:: YOUR ASSIGNMENT ::
In the records that follow, find each line with "HFOV" and pull it out.

Collection entries
+++
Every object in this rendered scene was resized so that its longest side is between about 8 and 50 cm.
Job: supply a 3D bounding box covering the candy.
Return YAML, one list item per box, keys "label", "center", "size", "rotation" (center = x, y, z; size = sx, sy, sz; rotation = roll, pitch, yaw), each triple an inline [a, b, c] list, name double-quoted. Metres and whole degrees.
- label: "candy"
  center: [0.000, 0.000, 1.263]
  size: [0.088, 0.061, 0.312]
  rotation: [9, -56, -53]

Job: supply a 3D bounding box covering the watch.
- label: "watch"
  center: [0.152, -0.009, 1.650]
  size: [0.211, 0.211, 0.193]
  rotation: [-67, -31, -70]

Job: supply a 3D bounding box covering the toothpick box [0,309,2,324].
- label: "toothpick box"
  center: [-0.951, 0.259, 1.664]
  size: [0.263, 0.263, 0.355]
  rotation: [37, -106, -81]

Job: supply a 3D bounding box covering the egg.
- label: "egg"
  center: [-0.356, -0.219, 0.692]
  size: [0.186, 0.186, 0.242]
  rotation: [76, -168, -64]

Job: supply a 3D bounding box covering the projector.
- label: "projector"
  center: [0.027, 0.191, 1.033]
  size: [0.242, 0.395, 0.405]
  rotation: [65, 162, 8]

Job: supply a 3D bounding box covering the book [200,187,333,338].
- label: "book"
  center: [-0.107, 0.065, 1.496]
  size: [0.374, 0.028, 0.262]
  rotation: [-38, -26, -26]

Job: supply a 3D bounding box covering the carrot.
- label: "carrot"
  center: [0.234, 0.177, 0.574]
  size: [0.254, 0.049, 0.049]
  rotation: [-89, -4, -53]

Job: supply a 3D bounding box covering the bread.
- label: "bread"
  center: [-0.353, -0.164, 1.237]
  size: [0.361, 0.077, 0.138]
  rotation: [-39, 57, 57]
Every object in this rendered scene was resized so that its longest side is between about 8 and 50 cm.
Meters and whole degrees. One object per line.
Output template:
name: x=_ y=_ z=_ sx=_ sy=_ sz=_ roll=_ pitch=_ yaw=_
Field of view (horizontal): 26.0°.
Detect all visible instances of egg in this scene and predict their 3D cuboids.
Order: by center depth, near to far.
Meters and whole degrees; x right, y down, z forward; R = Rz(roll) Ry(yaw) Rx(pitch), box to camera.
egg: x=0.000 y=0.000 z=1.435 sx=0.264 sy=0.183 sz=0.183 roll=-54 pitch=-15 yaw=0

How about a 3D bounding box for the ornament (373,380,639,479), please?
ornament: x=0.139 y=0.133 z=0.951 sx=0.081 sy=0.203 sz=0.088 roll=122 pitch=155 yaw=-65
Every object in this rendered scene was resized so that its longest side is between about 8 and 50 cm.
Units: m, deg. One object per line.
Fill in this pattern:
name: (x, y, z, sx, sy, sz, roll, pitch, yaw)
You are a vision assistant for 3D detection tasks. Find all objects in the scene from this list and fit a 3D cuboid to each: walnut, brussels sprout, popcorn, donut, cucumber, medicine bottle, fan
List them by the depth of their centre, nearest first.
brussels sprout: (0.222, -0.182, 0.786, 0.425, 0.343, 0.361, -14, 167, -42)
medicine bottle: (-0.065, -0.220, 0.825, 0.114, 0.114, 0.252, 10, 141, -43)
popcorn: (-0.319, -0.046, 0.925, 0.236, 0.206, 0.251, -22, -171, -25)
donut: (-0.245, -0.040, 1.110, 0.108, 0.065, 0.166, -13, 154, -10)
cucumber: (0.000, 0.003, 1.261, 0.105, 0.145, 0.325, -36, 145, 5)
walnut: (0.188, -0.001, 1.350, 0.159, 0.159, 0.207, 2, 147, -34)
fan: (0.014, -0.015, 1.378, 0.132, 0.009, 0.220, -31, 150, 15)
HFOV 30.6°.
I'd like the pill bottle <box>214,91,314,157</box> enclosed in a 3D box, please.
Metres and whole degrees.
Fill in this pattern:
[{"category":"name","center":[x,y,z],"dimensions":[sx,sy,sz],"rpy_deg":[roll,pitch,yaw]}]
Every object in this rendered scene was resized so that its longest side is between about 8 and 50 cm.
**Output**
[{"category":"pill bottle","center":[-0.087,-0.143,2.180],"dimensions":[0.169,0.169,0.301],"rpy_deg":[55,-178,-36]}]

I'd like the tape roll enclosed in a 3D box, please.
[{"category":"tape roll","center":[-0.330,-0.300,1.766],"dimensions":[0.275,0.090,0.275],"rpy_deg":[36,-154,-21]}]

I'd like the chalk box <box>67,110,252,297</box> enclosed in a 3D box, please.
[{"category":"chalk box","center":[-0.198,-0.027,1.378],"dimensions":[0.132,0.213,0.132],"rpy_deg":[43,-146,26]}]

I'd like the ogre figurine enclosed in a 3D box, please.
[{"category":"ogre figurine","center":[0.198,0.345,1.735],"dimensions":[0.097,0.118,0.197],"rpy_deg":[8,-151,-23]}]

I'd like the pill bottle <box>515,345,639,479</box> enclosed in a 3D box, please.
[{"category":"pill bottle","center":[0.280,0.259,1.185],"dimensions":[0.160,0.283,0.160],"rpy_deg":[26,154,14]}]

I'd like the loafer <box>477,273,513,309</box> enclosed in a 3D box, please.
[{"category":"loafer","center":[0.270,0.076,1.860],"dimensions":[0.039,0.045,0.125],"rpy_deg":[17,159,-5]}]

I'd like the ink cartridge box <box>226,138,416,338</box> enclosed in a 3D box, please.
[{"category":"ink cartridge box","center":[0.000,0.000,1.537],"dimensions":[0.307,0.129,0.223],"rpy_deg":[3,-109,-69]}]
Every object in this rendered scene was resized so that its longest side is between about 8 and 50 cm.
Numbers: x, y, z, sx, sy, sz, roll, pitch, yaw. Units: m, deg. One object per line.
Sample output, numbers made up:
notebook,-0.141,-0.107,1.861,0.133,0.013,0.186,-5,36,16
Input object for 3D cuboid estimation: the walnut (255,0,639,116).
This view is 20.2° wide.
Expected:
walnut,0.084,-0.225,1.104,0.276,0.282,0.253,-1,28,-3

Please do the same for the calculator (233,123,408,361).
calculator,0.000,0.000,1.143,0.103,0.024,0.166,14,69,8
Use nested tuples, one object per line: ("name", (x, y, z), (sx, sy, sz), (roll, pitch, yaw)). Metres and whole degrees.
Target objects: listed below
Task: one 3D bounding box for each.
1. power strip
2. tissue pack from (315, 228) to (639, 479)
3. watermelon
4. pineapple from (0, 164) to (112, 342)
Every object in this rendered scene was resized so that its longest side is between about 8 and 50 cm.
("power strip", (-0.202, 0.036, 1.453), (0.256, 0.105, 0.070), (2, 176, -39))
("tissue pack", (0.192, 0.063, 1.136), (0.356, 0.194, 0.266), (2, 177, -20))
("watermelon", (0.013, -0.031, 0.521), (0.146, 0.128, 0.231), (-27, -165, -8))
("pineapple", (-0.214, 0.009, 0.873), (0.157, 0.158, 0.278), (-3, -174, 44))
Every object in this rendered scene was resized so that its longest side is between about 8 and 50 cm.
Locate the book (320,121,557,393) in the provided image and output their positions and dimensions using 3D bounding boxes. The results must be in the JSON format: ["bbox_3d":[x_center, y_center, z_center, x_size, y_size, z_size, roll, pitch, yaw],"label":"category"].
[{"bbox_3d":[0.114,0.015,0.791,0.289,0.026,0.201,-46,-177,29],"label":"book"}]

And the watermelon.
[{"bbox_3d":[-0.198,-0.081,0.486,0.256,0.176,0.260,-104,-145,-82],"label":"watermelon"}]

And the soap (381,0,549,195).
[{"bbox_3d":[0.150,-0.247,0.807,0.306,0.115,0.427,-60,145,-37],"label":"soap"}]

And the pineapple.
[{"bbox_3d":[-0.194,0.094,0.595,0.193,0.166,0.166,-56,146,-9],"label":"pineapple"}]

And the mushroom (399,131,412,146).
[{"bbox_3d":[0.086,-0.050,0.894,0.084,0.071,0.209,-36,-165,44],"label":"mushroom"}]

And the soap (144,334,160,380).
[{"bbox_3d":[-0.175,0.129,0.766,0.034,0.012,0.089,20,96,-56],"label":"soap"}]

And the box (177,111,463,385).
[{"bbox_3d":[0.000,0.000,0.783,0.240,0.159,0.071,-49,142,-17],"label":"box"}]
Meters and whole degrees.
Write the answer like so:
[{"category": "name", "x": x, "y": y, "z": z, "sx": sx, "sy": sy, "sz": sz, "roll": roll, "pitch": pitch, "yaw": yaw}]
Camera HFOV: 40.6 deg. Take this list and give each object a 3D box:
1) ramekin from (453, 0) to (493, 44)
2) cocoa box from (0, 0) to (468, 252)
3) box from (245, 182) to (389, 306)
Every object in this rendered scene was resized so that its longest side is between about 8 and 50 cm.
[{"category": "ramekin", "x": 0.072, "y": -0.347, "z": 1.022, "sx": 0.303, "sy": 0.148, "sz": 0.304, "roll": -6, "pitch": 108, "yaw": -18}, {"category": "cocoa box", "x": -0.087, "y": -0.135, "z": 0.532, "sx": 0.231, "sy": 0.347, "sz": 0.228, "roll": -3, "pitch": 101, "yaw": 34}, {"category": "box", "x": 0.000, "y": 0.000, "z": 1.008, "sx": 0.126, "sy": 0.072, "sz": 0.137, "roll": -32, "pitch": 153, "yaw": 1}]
+++
:: ANSWER TO THE PROBLEM ::
HFOV 30.6°.
Camera HFOV: 40.6 deg. Take this list and give each object a 3D box:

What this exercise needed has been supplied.